The biographies of many Chinese internet entrepreneurs reflect this more conservative outlook. Very few are university dropouts like many of their US counterparts. Most have much more industry experience before they start their own business than their American peers.

Robin Li worked as a software engineer for a division of Dow Jones and for Infoseek, an early US web search engine, before setting up Baidu in 2000. Jack Ma lectured at university on international trade and headed an IT company set up by a unit of the foreign trade ministry before he founded Alibaba, China’s largest e-commerce company by revenue, users and transaction value in 1999.

At Qiyi, Mr. Gong’s background is similar. “Although I knew already in university that I very much wanted to set up a business, I didn’t feel ready,” he recalls. So he first went to work as a software development and maintenance engineer at Itochu, the Japanese trading company, and later helped set up the China unit for a company founded by a friend in the US before he dared to start his first own venture, the online portal focus.cn.
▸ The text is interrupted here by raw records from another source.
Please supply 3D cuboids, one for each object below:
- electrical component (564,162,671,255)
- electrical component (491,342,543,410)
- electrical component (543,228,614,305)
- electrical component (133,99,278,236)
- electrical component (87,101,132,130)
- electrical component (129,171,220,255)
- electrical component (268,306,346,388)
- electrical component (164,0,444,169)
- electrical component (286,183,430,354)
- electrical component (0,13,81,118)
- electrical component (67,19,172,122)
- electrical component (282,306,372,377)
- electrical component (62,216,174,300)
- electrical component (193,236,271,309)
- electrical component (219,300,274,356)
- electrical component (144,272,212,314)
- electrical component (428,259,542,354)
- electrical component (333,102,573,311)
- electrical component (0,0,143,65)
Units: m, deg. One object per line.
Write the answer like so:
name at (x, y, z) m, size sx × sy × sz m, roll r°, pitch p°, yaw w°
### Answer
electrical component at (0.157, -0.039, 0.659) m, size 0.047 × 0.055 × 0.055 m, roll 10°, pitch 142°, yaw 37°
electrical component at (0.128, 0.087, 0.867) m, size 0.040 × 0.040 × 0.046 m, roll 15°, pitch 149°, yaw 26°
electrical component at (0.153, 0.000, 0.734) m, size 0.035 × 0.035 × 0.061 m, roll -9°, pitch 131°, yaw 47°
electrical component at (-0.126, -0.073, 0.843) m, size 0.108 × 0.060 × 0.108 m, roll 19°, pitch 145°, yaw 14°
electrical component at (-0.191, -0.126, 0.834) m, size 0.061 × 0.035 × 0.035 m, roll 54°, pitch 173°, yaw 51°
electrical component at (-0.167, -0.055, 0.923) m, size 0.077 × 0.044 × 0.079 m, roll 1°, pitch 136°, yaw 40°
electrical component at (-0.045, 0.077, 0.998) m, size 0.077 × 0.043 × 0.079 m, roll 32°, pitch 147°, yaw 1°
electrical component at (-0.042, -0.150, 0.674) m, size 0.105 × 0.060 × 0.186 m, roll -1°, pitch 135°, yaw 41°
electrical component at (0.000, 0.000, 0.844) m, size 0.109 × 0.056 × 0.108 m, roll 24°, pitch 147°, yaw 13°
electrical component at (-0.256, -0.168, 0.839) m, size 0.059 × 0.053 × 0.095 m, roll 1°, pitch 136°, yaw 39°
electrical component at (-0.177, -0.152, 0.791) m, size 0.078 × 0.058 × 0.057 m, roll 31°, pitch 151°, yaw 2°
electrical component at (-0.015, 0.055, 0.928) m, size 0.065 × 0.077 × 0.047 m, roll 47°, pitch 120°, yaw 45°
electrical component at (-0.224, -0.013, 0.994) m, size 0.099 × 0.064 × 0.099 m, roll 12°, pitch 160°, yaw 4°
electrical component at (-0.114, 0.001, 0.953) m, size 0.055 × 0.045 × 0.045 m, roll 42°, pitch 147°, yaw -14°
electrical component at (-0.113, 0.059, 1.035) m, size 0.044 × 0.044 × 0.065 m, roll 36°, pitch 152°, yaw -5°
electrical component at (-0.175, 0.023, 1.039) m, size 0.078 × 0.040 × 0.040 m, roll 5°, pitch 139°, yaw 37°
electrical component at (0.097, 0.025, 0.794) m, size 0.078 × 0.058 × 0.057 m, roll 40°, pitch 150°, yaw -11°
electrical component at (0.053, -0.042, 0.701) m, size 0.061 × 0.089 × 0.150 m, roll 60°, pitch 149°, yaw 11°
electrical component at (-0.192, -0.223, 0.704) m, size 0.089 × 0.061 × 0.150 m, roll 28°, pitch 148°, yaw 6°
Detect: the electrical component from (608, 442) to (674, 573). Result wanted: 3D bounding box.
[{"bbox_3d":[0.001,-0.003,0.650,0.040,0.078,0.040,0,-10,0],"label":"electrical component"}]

“On the first day, the office was completely empty - it was just me,” he says, recalling how unfamiliar and slightly fearful he felt.
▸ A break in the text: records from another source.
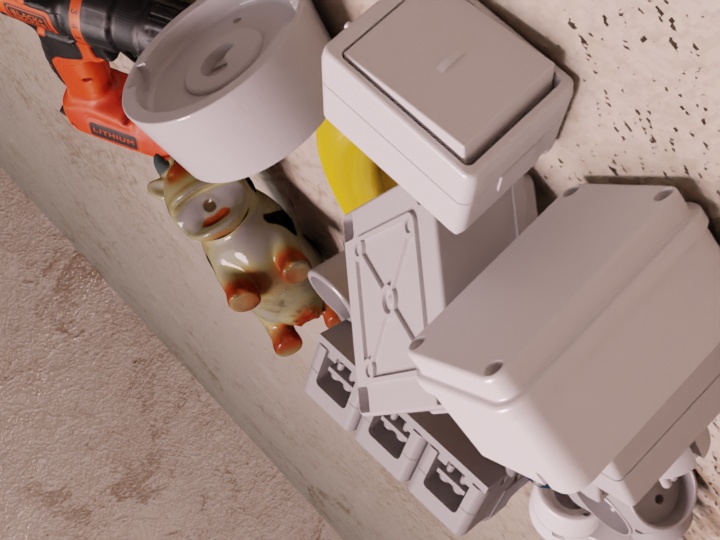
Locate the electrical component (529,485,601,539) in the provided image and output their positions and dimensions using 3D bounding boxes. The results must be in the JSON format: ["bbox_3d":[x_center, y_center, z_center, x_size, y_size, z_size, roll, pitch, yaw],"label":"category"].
[{"bbox_3d":[0.141,0.150,0.713,0.055,0.055,0.047,40,160,26],"label":"electrical component"}]

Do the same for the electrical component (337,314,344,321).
[{"bbox_3d":[0.001,0.023,0.799,0.040,0.040,0.078,28,156,50],"label":"electrical component"}]

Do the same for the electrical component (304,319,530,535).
[{"bbox_3d":[0.046,0.093,0.721,0.150,0.089,0.061,41,134,23],"label":"electrical component"}]

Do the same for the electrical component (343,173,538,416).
[{"bbox_3d":[0.039,0.014,0.518,0.109,0.056,0.108,157,110,-66],"label":"electrical component"}]

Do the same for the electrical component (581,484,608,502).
[{"bbox_3d":[0.122,0.072,0.547,0.061,0.062,0.096,37,162,32],"label":"electrical component"}]

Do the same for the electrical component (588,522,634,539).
[{"bbox_3d":[0.172,0.164,0.675,0.040,0.046,0.040,44,164,15],"label":"electrical component"}]

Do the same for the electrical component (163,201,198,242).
[{"bbox_3d":[-0.135,-0.053,0.962,0.077,0.047,0.065,42,164,20],"label":"electrical component"}]

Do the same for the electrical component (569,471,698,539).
[{"bbox_3d":[0.166,0.136,0.625,0.079,0.044,0.077,49,165,-8],"label":"electrical component"}]

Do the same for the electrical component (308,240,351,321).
[{"bbox_3d":[0.000,0.000,0.711,0.045,0.055,0.045,43,165,15],"label":"electrical component"}]

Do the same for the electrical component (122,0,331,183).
[{"bbox_3d":[-0.059,-0.092,0.546,0.108,0.108,0.060,29,163,49],"label":"electrical component"}]

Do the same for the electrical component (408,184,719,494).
[{"bbox_3d":[0.084,0.022,0.421,0.057,0.113,0.078,52,165,-19],"label":"electrical component"}]

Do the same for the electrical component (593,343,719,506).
[{"bbox_3d":[0.128,0.065,0.467,0.047,0.083,0.075,27,155,53],"label":"electrical component"}]

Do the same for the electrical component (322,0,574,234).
[{"bbox_3d":[0.028,-0.074,0.429,0.096,0.062,0.061,43,165,14],"label":"electrical component"}]

There was no long tradition of entrepreneurship in the People’s Republic of China when the country’s first internet companies were set up. Capitalism was new, and the internet even newer. The resulting caution can be seen among the investors who back the sector, as well as its entrepreneurs.

Lei Jun, China’s most prominent homegrown angel investor, only backs the companies of friends or friends of friends, and prefers serial entrepreneurs because the chances of success increase over time. Mr Lei has invested in less than 20 companies such as Vancl, an online clothing retailer, and Keniu, a security software maker.

But foreign venture capitalists and stock market investors, a far larger source of funding for Chinese technology start-ups, follow similar principles. The rise of the thousands of Groupon clones in China has been fuelled by a wave of venture capital money from the US.

Benjamin Joffe, chief executive of Plus Eight Star, a digital strategy consultancy, says: “Investors love to recognise something they know.”